(PROBLEM TO WORK ON): Report how many lines in the records below contain the word "name". Give only the number.
-- AVAILABLE DATA follows --
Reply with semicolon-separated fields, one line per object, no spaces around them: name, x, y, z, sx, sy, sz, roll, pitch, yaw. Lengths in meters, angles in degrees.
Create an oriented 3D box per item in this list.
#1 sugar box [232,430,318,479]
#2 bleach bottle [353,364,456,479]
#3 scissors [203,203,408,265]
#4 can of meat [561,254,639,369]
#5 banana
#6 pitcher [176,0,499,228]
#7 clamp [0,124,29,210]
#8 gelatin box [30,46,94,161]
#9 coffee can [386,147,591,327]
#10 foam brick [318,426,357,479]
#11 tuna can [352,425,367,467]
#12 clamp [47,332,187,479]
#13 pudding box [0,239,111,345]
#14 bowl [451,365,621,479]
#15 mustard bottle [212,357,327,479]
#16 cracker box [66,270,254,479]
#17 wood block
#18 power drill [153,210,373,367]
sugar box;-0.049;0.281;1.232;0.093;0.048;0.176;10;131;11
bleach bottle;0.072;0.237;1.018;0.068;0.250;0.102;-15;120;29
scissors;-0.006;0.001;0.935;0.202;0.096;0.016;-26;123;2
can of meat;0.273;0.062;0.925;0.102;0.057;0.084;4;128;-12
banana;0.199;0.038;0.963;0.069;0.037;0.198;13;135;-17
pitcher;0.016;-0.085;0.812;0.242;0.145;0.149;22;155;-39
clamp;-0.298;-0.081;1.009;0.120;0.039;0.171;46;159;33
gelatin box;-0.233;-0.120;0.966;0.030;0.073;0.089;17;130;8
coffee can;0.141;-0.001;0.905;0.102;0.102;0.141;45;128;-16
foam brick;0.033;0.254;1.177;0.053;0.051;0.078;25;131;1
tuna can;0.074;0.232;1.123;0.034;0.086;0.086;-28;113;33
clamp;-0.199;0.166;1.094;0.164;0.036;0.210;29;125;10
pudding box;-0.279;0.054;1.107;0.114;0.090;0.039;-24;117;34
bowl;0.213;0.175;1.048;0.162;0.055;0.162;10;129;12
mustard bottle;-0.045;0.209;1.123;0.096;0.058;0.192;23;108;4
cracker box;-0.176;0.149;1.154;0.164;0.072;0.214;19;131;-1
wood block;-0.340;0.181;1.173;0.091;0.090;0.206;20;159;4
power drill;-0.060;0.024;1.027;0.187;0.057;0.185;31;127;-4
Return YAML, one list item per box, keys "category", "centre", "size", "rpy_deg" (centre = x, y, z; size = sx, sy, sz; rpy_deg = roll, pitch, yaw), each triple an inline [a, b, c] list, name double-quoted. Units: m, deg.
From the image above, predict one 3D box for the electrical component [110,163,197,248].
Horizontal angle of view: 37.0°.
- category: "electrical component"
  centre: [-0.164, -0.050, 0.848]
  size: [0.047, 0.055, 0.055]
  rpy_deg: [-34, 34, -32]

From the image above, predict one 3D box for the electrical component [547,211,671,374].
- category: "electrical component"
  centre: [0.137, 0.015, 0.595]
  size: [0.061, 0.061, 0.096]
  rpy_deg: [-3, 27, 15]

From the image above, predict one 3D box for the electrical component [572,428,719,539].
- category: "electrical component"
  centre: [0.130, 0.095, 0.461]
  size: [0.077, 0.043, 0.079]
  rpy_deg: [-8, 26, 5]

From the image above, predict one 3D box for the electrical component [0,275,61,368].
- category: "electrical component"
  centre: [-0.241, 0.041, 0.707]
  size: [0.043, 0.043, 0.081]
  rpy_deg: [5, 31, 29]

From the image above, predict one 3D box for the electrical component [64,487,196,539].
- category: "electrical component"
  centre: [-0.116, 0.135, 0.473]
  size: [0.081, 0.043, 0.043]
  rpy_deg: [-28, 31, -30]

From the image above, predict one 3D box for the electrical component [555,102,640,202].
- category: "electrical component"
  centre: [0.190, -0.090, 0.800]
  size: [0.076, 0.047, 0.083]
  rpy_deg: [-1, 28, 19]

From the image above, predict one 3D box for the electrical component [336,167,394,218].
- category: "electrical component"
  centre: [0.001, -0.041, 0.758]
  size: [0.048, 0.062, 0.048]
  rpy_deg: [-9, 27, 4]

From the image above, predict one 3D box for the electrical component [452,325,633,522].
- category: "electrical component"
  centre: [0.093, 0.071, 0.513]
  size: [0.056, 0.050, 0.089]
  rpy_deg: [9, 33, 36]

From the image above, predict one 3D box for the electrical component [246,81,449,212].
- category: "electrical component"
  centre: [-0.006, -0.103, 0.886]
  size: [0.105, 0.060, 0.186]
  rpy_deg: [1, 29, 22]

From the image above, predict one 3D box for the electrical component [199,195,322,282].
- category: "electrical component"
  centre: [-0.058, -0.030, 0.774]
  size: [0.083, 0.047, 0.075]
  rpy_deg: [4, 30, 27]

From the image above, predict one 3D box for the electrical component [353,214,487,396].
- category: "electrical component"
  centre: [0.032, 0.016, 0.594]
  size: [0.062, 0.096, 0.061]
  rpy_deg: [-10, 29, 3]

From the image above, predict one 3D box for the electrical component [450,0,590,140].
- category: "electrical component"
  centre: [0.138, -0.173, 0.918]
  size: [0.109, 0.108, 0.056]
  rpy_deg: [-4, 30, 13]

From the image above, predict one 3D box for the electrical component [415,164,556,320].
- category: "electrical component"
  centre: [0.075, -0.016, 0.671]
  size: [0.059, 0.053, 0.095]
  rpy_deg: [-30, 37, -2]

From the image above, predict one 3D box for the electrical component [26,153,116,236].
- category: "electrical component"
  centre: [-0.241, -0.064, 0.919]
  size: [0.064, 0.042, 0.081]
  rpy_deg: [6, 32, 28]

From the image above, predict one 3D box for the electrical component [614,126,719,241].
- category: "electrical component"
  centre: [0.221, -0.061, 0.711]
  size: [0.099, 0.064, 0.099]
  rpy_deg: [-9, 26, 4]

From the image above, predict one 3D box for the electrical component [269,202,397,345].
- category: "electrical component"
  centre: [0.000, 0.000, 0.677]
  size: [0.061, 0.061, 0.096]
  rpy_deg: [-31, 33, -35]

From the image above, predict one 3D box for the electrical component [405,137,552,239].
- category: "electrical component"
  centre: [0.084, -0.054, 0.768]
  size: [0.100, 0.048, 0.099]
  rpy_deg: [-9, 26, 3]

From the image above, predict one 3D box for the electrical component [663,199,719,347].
-- AVAILABLE DATA concluded --
-- AVAILABLE DATA follows --
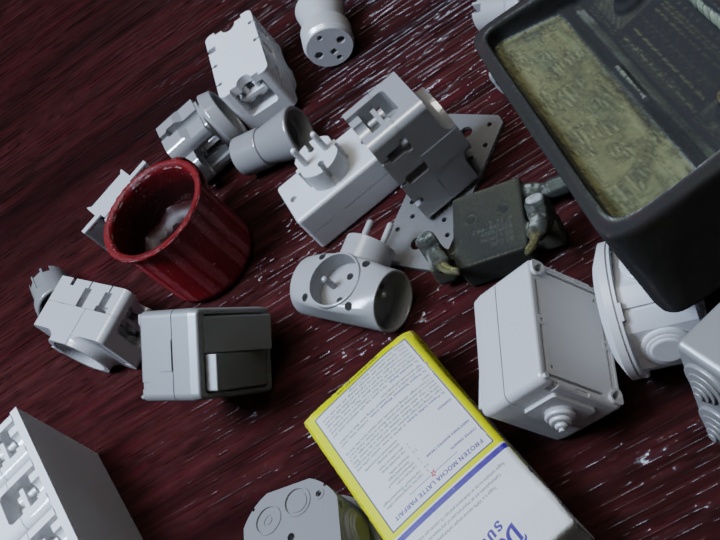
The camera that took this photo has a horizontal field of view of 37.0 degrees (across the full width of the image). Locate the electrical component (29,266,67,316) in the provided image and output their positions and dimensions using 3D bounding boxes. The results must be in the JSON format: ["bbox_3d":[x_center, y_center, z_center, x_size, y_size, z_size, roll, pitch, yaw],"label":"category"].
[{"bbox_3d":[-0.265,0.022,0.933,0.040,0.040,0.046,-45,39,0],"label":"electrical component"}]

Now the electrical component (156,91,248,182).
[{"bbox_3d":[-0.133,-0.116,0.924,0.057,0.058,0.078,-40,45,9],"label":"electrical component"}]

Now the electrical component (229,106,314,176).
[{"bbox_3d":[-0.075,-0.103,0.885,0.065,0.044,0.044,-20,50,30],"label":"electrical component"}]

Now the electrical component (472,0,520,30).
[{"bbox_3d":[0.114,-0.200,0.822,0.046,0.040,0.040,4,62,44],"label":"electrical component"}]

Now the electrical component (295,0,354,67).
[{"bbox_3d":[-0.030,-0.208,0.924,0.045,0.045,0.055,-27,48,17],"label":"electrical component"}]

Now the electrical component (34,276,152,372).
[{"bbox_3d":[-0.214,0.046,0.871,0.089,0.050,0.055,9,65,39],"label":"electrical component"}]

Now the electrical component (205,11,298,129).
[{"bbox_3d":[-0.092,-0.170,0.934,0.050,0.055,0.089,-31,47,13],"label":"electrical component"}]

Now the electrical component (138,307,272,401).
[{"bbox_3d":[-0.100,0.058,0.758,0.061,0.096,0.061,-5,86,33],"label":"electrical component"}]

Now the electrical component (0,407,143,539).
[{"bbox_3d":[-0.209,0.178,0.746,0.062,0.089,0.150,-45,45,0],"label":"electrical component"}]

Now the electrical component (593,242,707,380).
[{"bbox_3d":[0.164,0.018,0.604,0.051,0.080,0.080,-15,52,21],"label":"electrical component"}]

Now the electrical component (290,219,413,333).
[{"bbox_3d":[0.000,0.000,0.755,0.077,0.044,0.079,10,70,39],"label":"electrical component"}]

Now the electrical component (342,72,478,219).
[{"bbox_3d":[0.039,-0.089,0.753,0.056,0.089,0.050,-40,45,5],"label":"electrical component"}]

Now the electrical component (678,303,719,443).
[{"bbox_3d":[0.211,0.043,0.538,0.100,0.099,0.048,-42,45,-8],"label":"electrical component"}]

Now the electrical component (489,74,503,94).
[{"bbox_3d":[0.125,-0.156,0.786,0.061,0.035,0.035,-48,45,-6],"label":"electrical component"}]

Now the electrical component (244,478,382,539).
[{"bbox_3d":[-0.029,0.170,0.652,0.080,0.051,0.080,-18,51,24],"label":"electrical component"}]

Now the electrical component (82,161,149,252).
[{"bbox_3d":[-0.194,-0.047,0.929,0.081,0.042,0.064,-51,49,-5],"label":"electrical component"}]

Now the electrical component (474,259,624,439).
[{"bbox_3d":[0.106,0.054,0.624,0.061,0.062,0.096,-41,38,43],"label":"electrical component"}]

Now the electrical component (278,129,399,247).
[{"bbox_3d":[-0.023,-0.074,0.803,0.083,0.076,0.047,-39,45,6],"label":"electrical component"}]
-- AVAILABLE DATA concluded --
(ANSWER BELOW): 2